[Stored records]
__________________________________________________

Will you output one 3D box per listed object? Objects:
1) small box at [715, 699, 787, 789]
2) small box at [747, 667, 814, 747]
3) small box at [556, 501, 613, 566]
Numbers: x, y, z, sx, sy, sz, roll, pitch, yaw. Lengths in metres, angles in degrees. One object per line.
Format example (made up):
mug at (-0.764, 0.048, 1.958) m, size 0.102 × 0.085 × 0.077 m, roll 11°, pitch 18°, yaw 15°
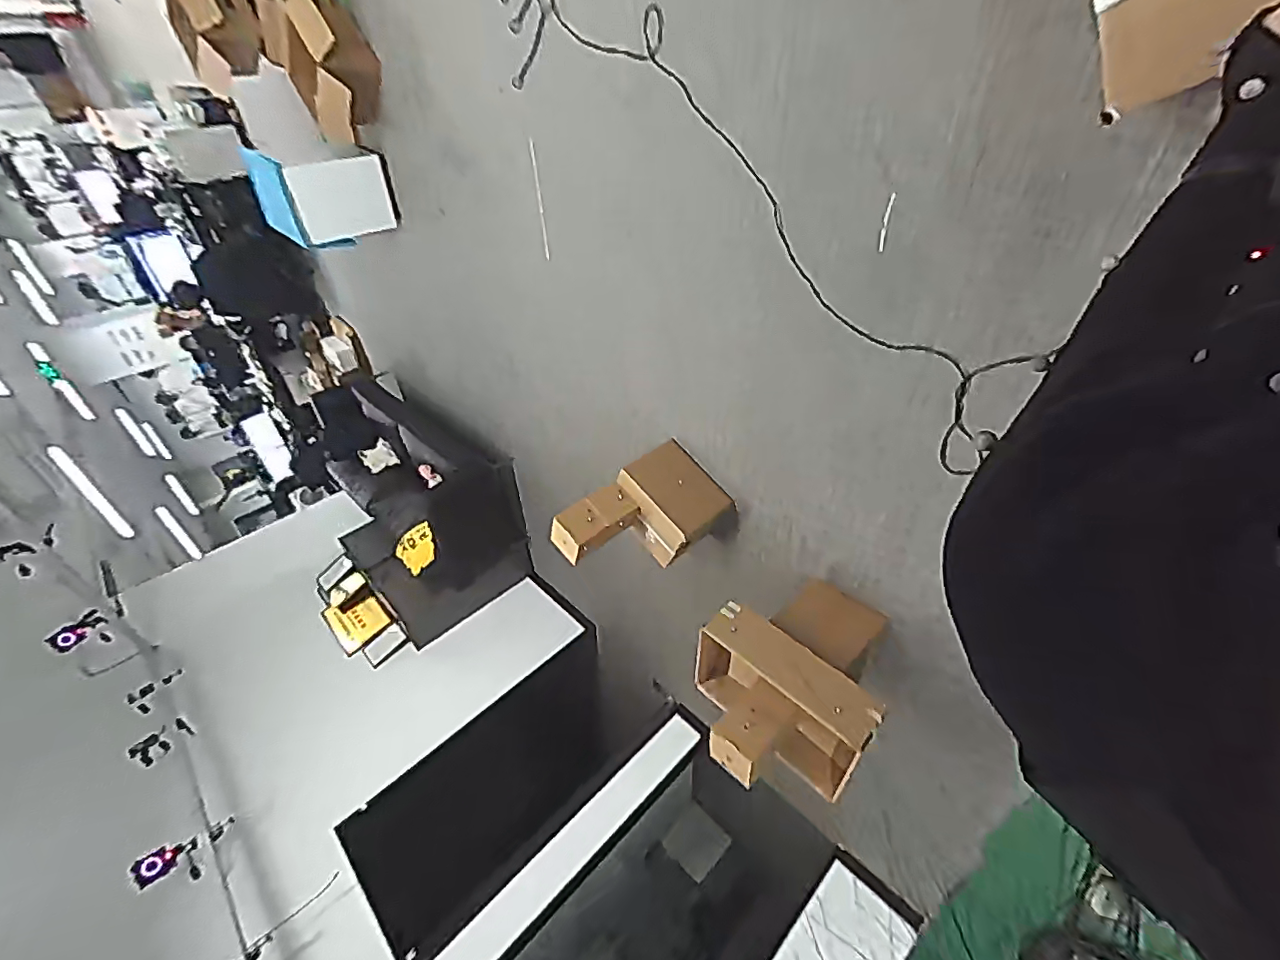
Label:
small box at (0.370, 0.871, 1.798) m, size 0.168 × 0.176 × 0.179 m, roll 30°, pitch 137°, yaw 37°
small box at (0.485, 0.797, 1.888) m, size 0.168 × 0.176 × 0.179 m, roll 31°, pitch 138°, yaw 35°
small box at (-0.233, 0.220, 2.265) m, size 0.168 × 0.176 × 0.179 m, roll 45°, pitch 146°, yaw 20°

__________________________________________________

▸ Brief: Emit the lines of the data above from the one containing "Format example (made" through its final line, both endpoints included. Pictures do not belong in the output.

▸ Expected answer:
Format example (made up):
mug at (-0.764, 0.048, 1.958) m, size 0.102 × 0.085 × 0.077 m, roll 11°, pitch 18°, yaw 15°
Label:
small box at (0.370, 0.871, 1.798) m, size 0.168 × 0.176 × 0.179 m, roll 30°, pitch 137°, yaw 37°
small box at (0.485, 0.797, 1.888) m, size 0.168 × 0.176 × 0.179 m, roll 31°, pitch 138°, yaw 35°
small box at (-0.233, 0.220, 2.265) m, size 0.168 × 0.176 × 0.179 m, roll 45°, pitch 146°, yaw 20°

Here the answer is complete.